Search code examples
elasticsearchretry-logicexponential-backoff

Best way to implement retry with exponential backoff with elasticsearch 7


I am upgrading from ES5.6 to ES7. In the past, we cloned ES5 repo and added custom code for retry with exponential backoff.

public void doRetryWithExponentialBackoff(BasicCallback mainAttempt, ExceptionHandlingCallback onFailure) {
        int failure = 0;
        int maxFailure = 6;
        while (true) {
            try {
                mainAttempt.execute();
                return;
            } catch (RuntimeException mainException) {
                try {
                    failure += 1;
                    if (failure <= maxFailure) {
                        Thread.sleep(((int) Math.pow(2, failure)) * 1000);
                    } else {
                        onFailure.execute(mainException);
                        return;
                    }
                } catch (InterruptedException interruptedException) {
                    throw new RuntimeException(interruptedException);
                }
            }
        }
    }

However, we don't want to do it again but at the same time I couldn't find any such functionality in ES7. What are your recommendations on implementing the retry policy?

I am also leveraging Pumba for chaos testing and application-ES related tests have failed miserably. For example, if I kill the ES container, or add a latency in the response time then the application crashes. With exponential backoff I intend to handle these cases too.

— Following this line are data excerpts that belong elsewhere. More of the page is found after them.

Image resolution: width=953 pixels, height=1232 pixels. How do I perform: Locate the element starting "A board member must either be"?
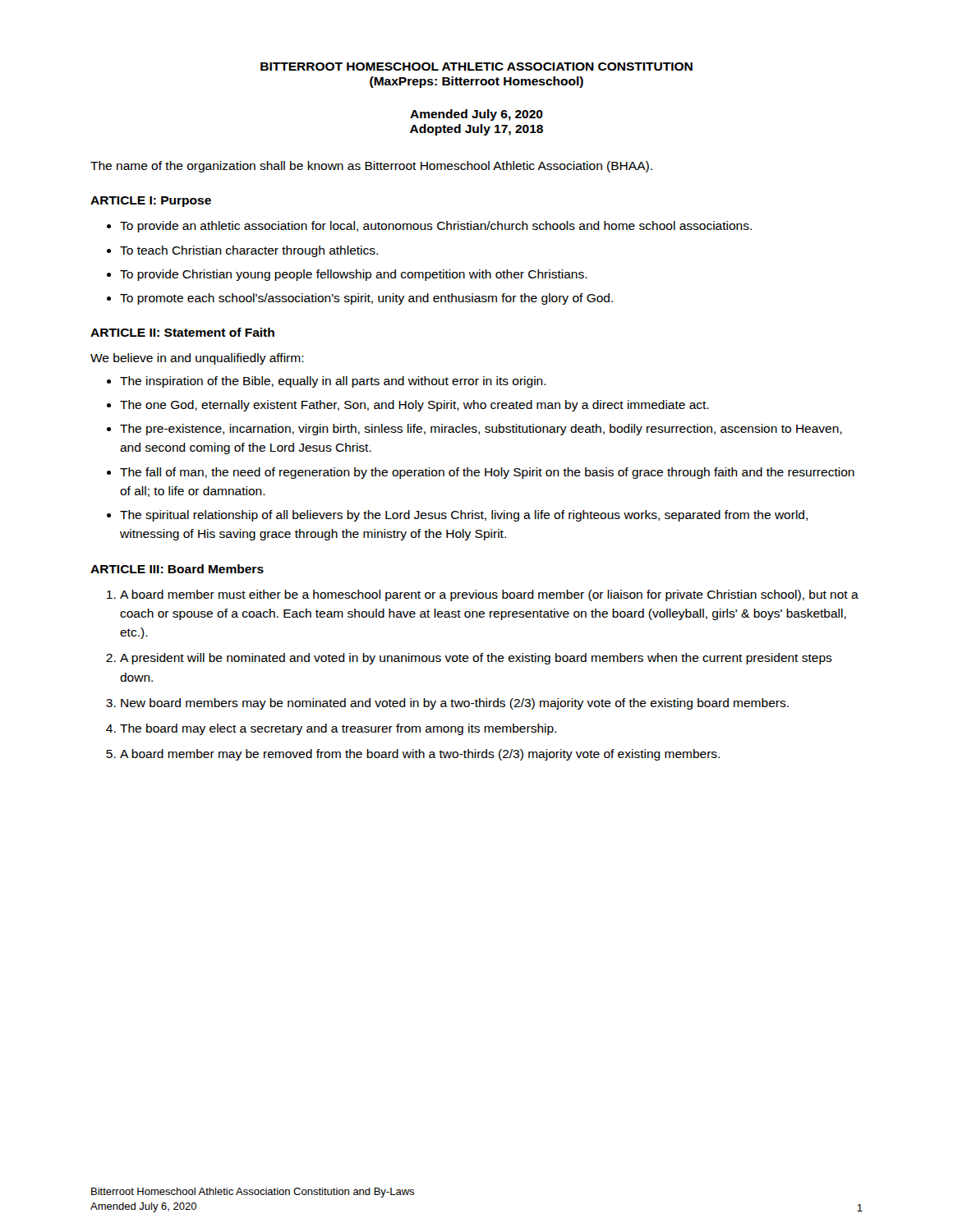coord(489,613)
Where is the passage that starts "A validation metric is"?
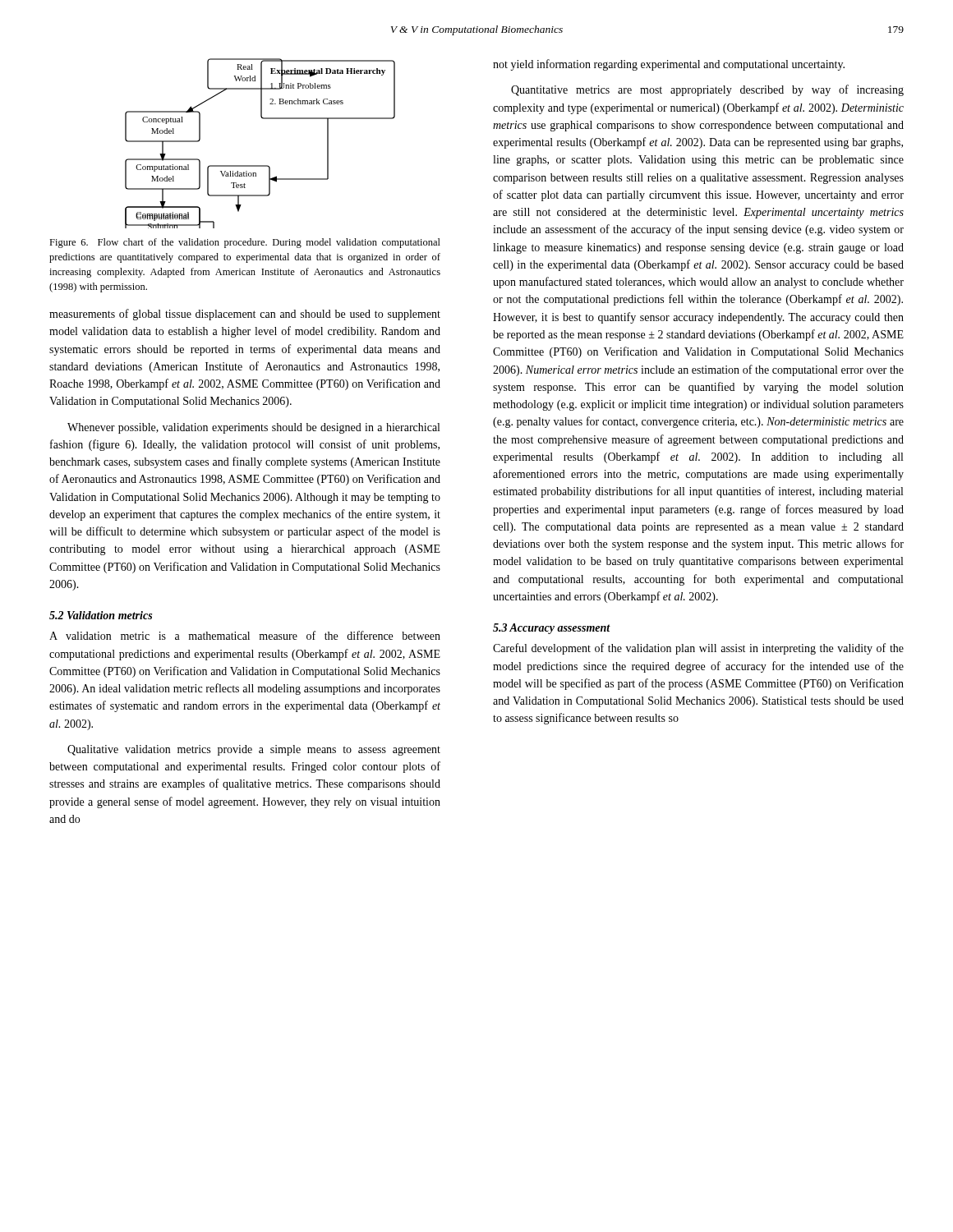953x1232 pixels. (x=245, y=680)
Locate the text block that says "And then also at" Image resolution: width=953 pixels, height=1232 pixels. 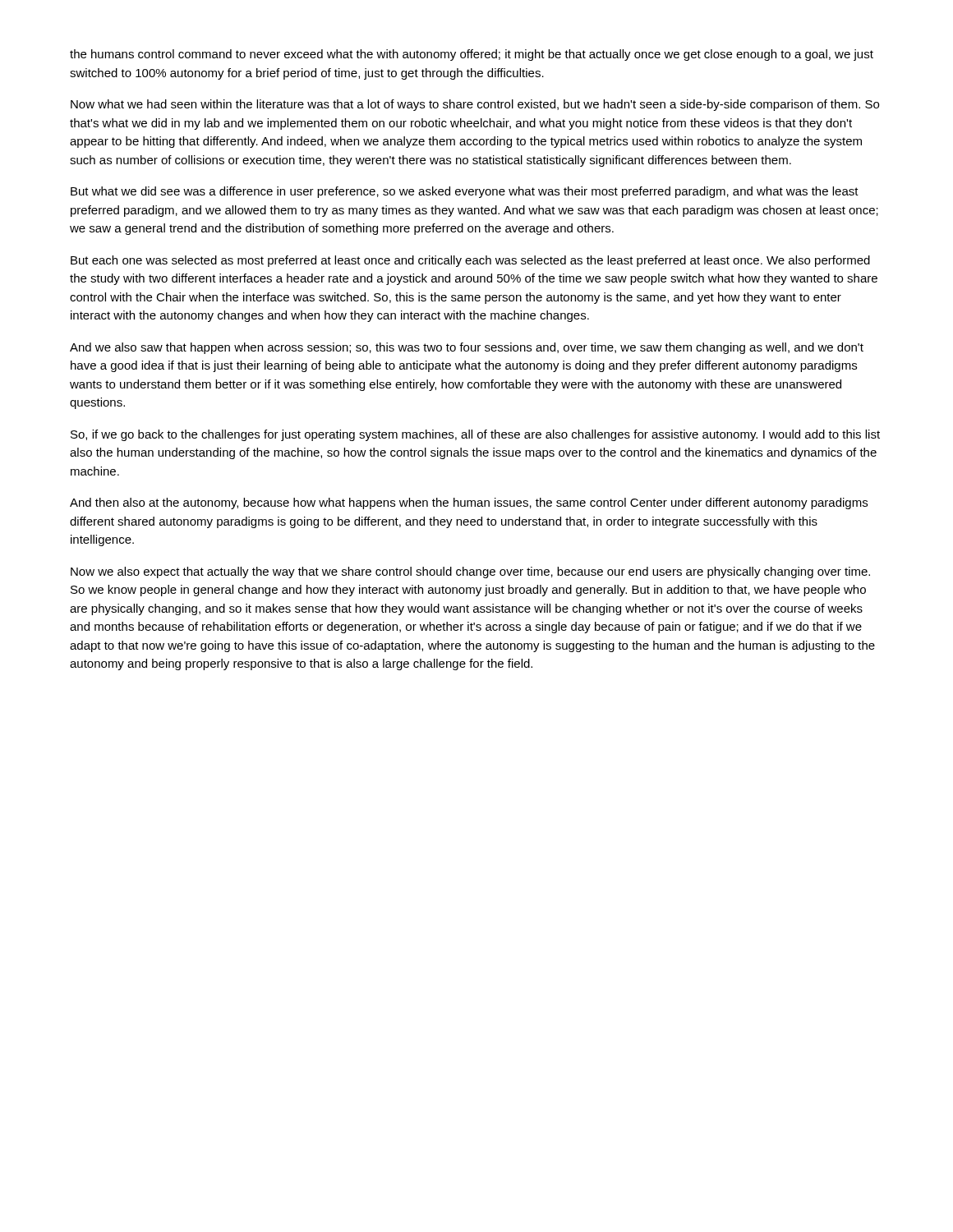click(x=469, y=521)
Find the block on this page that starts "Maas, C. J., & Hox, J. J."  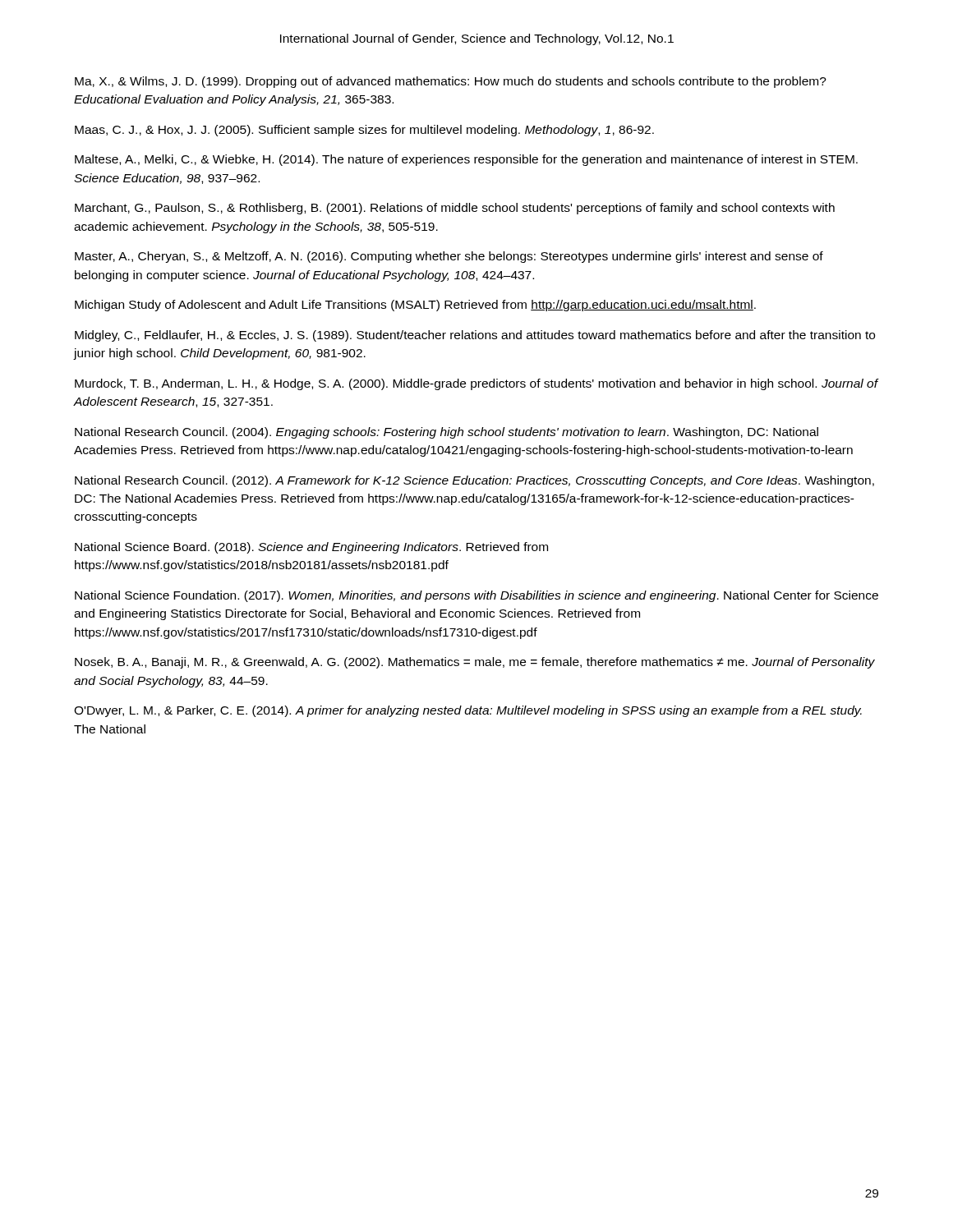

EDIT: I am using spring data framework to access ES7


Solution

  • Since ES is just a search engine, it cannot be expected to provide retry functionality at the server side. Providing such a support can hamper the ES' capability to keep functioning in an expected manner.

    Having said that, adding such support to the ES client should be a possibility because then the onus of carrying out the retries lies on your application and the ES engine can keep functioning at scale and serving all the incoming requests. This is exactly what AWS SDK clients do by default. And I am under the impression that the provided code above is an attempt of creating a wrapper on top of the ES client which IMO is also fine.